It is also down to this Government that families are having to consider the prospect of rising energy bills alongside other things that will hit their household budgets hard, particularly the very large rise in national insurance scheduled for April this year. Let us not forget that this tax rise will see the poorest subsidising the wealthiest, the north subsidising the south and the young subsidising the old. So with inflation soaring and energy inflation of particular concern, I put it simply to Conservative and SNP colleagues that action is essential. Despite the unholy alliance of Conservative and SNP Members ranged against the motion today, I put it to them that it is a question of how, not if, the Government should intervene.
The Labour plan would save everybody at least £200 off their energy bills. Those who are most vulnerable would receive £600. That most vulnerable group would include all working families with children claiming universal credit and all pensioners in the savings credit group of pension credit. We would pay for that by levying a windfall tax for 12 months on profits from North sea oil and gas companies. We can do this, and we need to do this because, as my right hon. Friend the Member for Doncaster North (Edward Miliband) said in opening the debate, given the scale of the challenge, we need to maximise the resources available to alleviate it. In today’s debate we have heard an overwhelming case for that, including in the speeches from my hon. Friends behind me.

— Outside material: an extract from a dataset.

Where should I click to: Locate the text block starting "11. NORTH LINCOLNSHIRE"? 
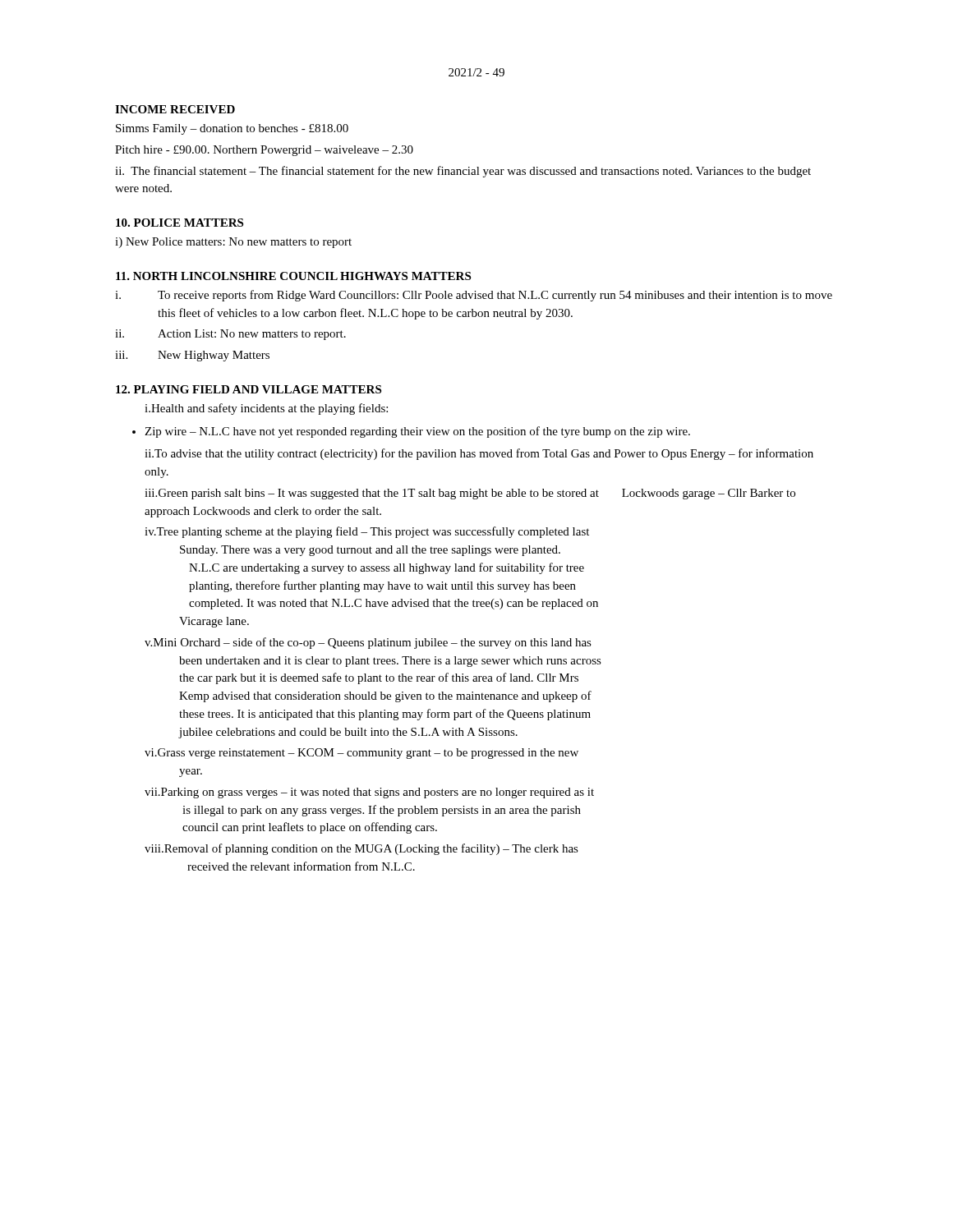(x=293, y=276)
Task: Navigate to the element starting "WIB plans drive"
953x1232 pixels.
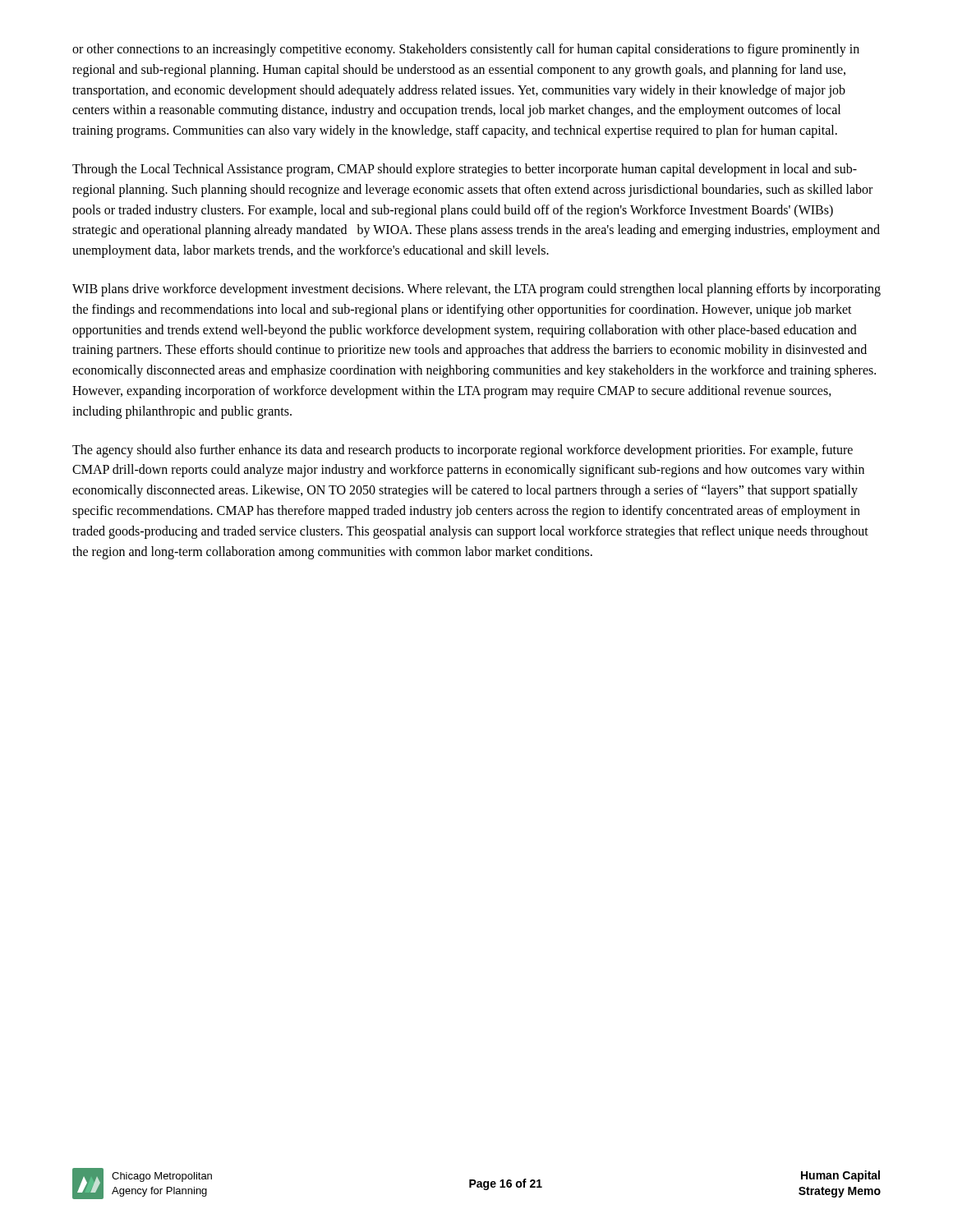Action: coord(476,351)

We are advocating a one-off, proportionate tax on firms that are experiencing record profits directly as a result of this crisis, to help customers and other businesses secure our economy for the long term. The North sea will continue to be one of the most profitable and attractive places to extract oil and gas from. It will also continue to provide a substantial amount of our domestic supply. No evidence has been put forward today that a windfall tax on those profits, which were never expected or anticipated, would reduce investment or have a negative impact on jobs. It has been done before, by Labour and Conservative Governments, and we can do it again.

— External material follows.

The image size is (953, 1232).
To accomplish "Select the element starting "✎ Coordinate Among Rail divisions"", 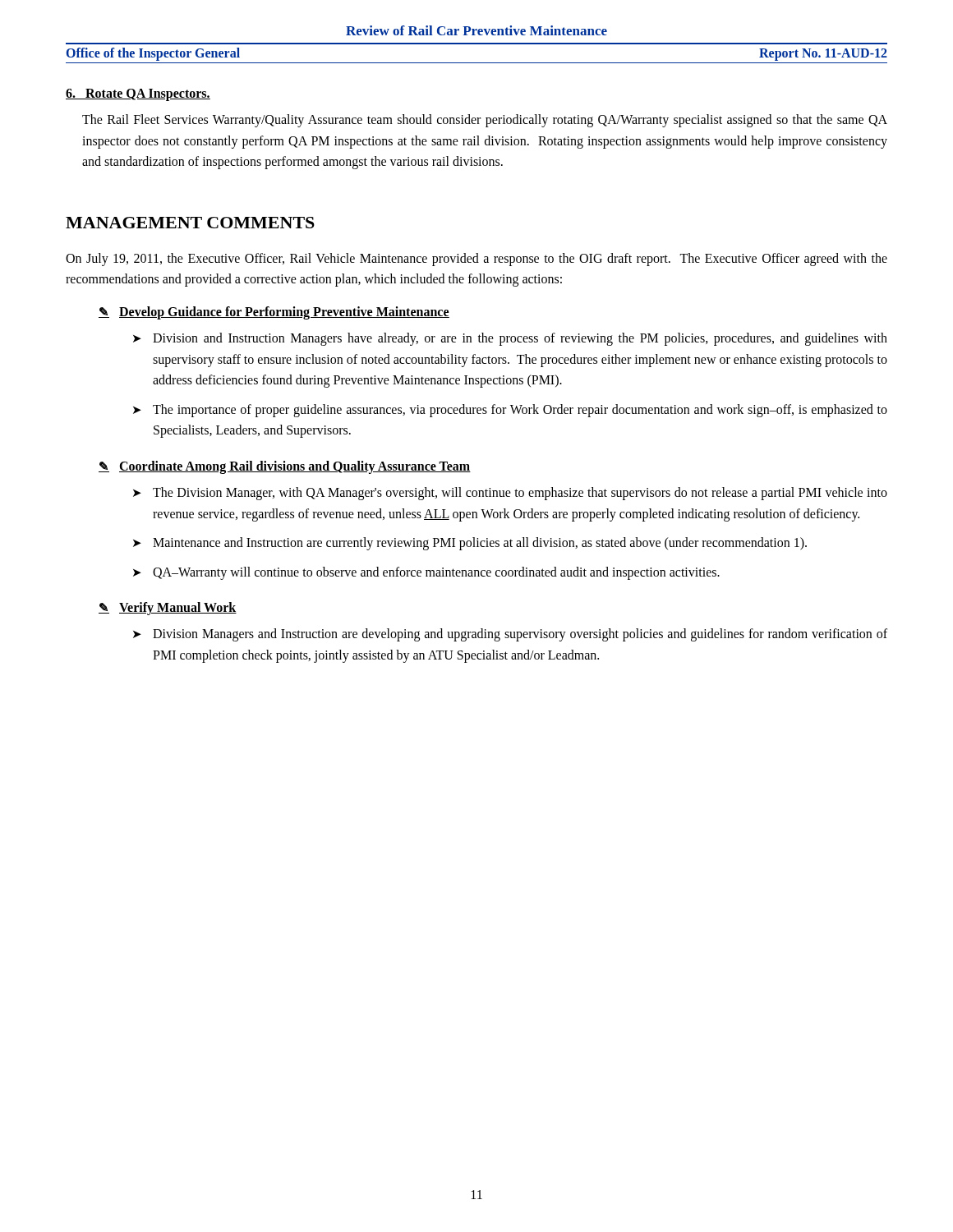I will [284, 466].

I want to give three explicit reasons why such a tax would be in the interests of businesses and the economy as a whole. First, despite the unprecedented squeeze on household budgets, consumer spending is still forecast to grow this year. That is because some households saw a considerable increase in their savings during the pandemic, but if concerns about energy bills and other pressures were to result in consumer spending not growing as expected, we would be in a very difficult position indeed. I think the right hon. Member for Wokingham (John Redwood) made a similar point in his speech.
Secondly, inflation is high. It is currently being written into contracts as businesses try to protect themselves against future price rises, which means that even if global inflationary pressures diminish, inflation will be baked into our economy for some time. A rise in energy bills of the kind that the Government contemplate would add as much as two additional percentage points to inflation and would have a significant spending cost for the Government.
Thirdly, under our plans, the windfall tax would give us a contingency fund of £600 million to help energy-intensive businesses through the energy crisis. I recently visited Pilkington Glass in St Helens, where the rise in energy prices means millions of pounds in additional costs. If Conservative Members are worried about the impact of a windfall tax on investment, will they think about the cost of not acting for investment in jobs, growth and the future of energy-intensive industries?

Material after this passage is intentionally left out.